● WORK TASK: Write out the entries below exactly as they stand. Skip every image.
-- SOURCE MATERIAL follows --
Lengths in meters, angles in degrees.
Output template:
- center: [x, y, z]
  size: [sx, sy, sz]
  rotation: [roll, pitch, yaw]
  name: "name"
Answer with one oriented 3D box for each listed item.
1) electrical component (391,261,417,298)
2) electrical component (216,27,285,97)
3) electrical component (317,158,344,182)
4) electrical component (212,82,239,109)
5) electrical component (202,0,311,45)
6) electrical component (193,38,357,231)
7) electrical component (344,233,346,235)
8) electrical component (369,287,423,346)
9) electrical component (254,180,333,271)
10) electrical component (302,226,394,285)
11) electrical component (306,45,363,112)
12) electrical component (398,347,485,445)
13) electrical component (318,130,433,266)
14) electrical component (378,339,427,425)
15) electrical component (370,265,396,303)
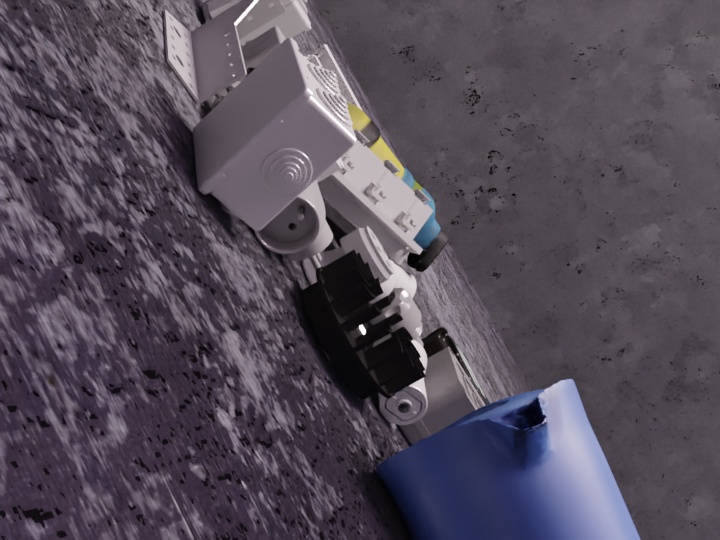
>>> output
- center: [0.020, 0.005, 1.019]
  size: [0.065, 0.044, 0.044]
  rotation: [45, 16, -45]
  name: "electrical component"
- center: [-0.083, -0.161, 0.866]
  size: [0.047, 0.066, 0.076]
  rotation: [55, 9, -32]
  name: "electrical component"
- center: [-0.053, -0.094, 0.846]
  size: [0.058, 0.057, 0.078]
  rotation: [53, 10, -43]
  name: "electrical component"
- center: [-0.076, -0.108, 0.763]
  size: [0.055, 0.066, 0.048]
  rotation: [-76, 175, -68]
  name: "electrical component"
- center: [-0.091, -0.237, 0.976]
  size: [0.061, 0.096, 0.061]
  rotation: [55, 9, -35]
  name: "electrical component"
- center: [-0.053, -0.081, 0.652]
  size: [0.048, 0.100, 0.099]
  rotation: [41, 16, -29]
  name: "electrical component"
- center: [-0.004, -0.068, 1.114]
  size: [0.079, 0.044, 0.077]
  rotation: [60, 8, -2]
  name: "electrical component"
- center: [0.035, 0.048, 0.945]
  size: [0.062, 0.043, 0.043]
  rotation: [57, 8, -32]
  name: "electrical component"
- center: [-0.043, -0.033, 0.735]
  size: [0.077, 0.043, 0.079]
  rotation: [-99, 165, -61]
  name: "electrical component"
- center: [-0.008, -0.001, 0.798]
  size: [0.045, 0.055, 0.045]
  rotation: [59, 8, -13]
  name: "electrical component"
- center: [-0.045, -0.166, 1.132]
  size: [0.063, 0.079, 0.121]
  rotation: [-4, 62, -57]
  name: "electrical component"
- center: [0.075, 0.129, 0.854]
  size: [0.113, 0.057, 0.078]
  rotation: [58, 8, -21]
  name: "electrical component"
- center: [0.001, -0.067, 0.932]
  size: [0.121, 0.063, 0.079]
  rotation: [41, -11, -27]
  name: "electrical component"
- center: [0.030, 0.084, 0.796]
  size: [0.044, 0.044, 0.065]
  rotation: [57, 13, -24]
  name: "electrical component"
- center: [0.000, 0.000, 0.893]
  size: [0.043, 0.043, 0.081]
  rotation: [63, 8, 16]
  name: "electrical component"
-- SOURCE MATERIAL concluded --
● SOLUTION BELOW:
Lengths in meters, angles in degrees.
Output template:
- center: [x, y, z]
  size: [sx, sy, sz]
  rotation: [roll, pitch, yaw]
  name: "name"
Answer with one oriented 3D box for each listed item.
1) electrical component (391,261,417,298)
2) electrical component (216,27,285,97)
3) electrical component (317,158,344,182)
4) electrical component (212,82,239,109)
5) electrical component (202,0,311,45)
6) electrical component (193,38,357,231)
7) electrical component (344,233,346,235)
8) electrical component (369,287,423,346)
9) electrical component (254,180,333,271)
10) electrical component (302,226,394,285)
11) electrical component (306,45,363,112)
12) electrical component (398,347,485,445)
13) electrical component (318,130,433,266)
14) electrical component (378,339,427,425)
15) electrical component (370,265,396,303)
>>> output
- center: [0.020, 0.005, 1.019]
  size: [0.065, 0.044, 0.044]
  rotation: [45, 16, -45]
  name: "electrical component"
- center: [-0.083, -0.161, 0.866]
  size: [0.047, 0.066, 0.076]
  rotation: [55, 9, -32]
  name: "electrical component"
- center: [-0.053, -0.094, 0.846]
  size: [0.058, 0.057, 0.078]
  rotation: [53, 10, -43]
  name: "electrical component"
- center: [-0.076, -0.108, 0.763]
  size: [0.055, 0.066, 0.048]
  rotation: [-76, 175, -68]
  name: "electrical component"
- center: [-0.091, -0.237, 0.976]
  size: [0.061, 0.096, 0.061]
  rotation: [55, 9, -35]
  name: "electrical component"
- center: [-0.053, -0.081, 0.652]
  size: [0.048, 0.100, 0.099]
  rotation: [41, 16, -29]
  name: "electrical component"
- center: [-0.004, -0.068, 1.114]
  size: [0.079, 0.044, 0.077]
  rotation: [60, 8, -2]
  name: "electrical component"
- center: [0.035, 0.048, 0.945]
  size: [0.062, 0.043, 0.043]
  rotation: [57, 8, -32]
  name: "electrical component"
- center: [-0.043, -0.033, 0.735]
  size: [0.077, 0.043, 0.079]
  rotation: [-99, 165, -61]
  name: "electrical component"
- center: [-0.008, -0.001, 0.798]
  size: [0.045, 0.055, 0.045]
  rotation: [59, 8, -13]
  name: "electrical component"
- center: [-0.045, -0.166, 1.132]
  size: [0.063, 0.079, 0.121]
  rotation: [-4, 62, -57]
  name: "electrical component"
- center: [0.075, 0.129, 0.854]
  size: [0.113, 0.057, 0.078]
  rotation: [58, 8, -21]
  name: "electrical component"
- center: [0.001, -0.067, 0.932]
  size: [0.121, 0.063, 0.079]
  rotation: [41, -11, -27]
  name: "electrical component"
- center: [0.030, 0.084, 0.796]
  size: [0.044, 0.044, 0.065]
  rotation: [57, 13, -24]
  name: "electrical component"
- center: [0.000, 0.000, 0.893]
  size: [0.043, 0.043, 0.081]
  rotation: [63, 8, 16]
  name: "electrical component"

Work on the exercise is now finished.